Testing now, but hiding an apparently-critical constant (the count arg to substitute_some_lets) as a default-value argument seems suboptimal. If 16 is a good value for everything, make it internal to the function and name and comment on it. If it's not a good value for everything, don't give it a default value.
(Tests look good so far, stand by)
@steven-johnson Thanks for the feedback, I added documentation explaining the chosen value.
I don't see any regressions in Google now, LGTM, land with approval
Thanks @steven-johnson ! @abadams good to go?
Is this ready to land (pending green)?
No - I still need to address Andrew's point on using deep_equality, and still need feedback on the substiution.

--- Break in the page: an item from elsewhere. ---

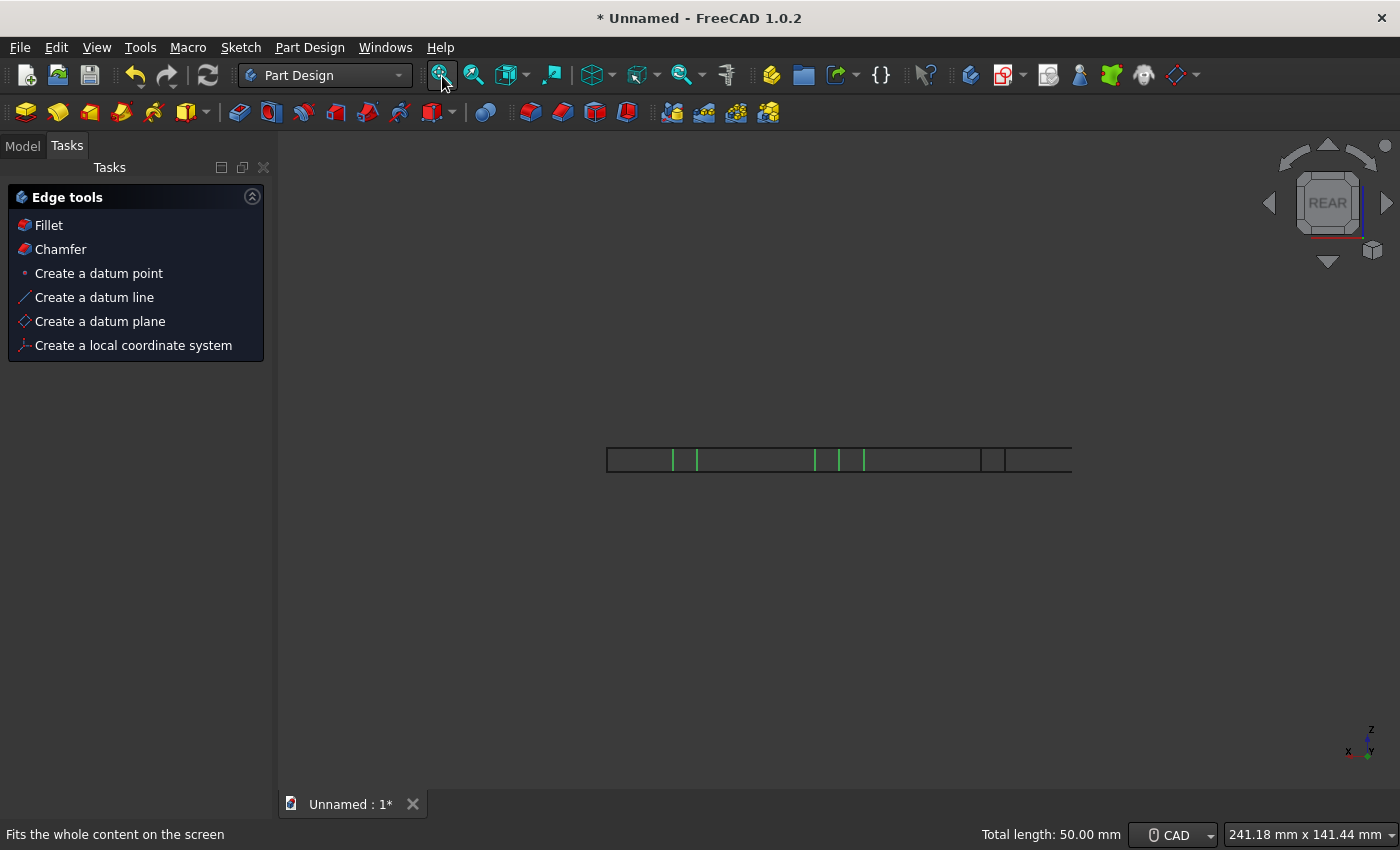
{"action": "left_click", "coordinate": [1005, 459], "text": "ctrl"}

Sorry for dropping the ball on this, I was out for a conference for a week and have been playing catch-up on other duties in the week since. Will try to make more progress on it this week.
No worries, just trying to catch up on things after returning from my own vacation -- no rush on this from my perspective.
Thanks! I hope it was a fun vacation!
Are we hoping that this will allow us to remove the HL_PERMIT_FAILED_UNROLL hack?
Hey, just a periodic status check on this one.
Sorry - I'm getting a tad behind, and this PR has been on the back burner for a bit. I will try to get to it in the next few weeks.
Monday Morning Review Ping -- where does this PR stand?
It still has a bit of work to be done, and I have not managed to get to it yet. I haven't forgotten it, and will aim to address it by the end of September (I know that's far away and I apologize, but I am currently in paper-writing mode + am about to move across the country)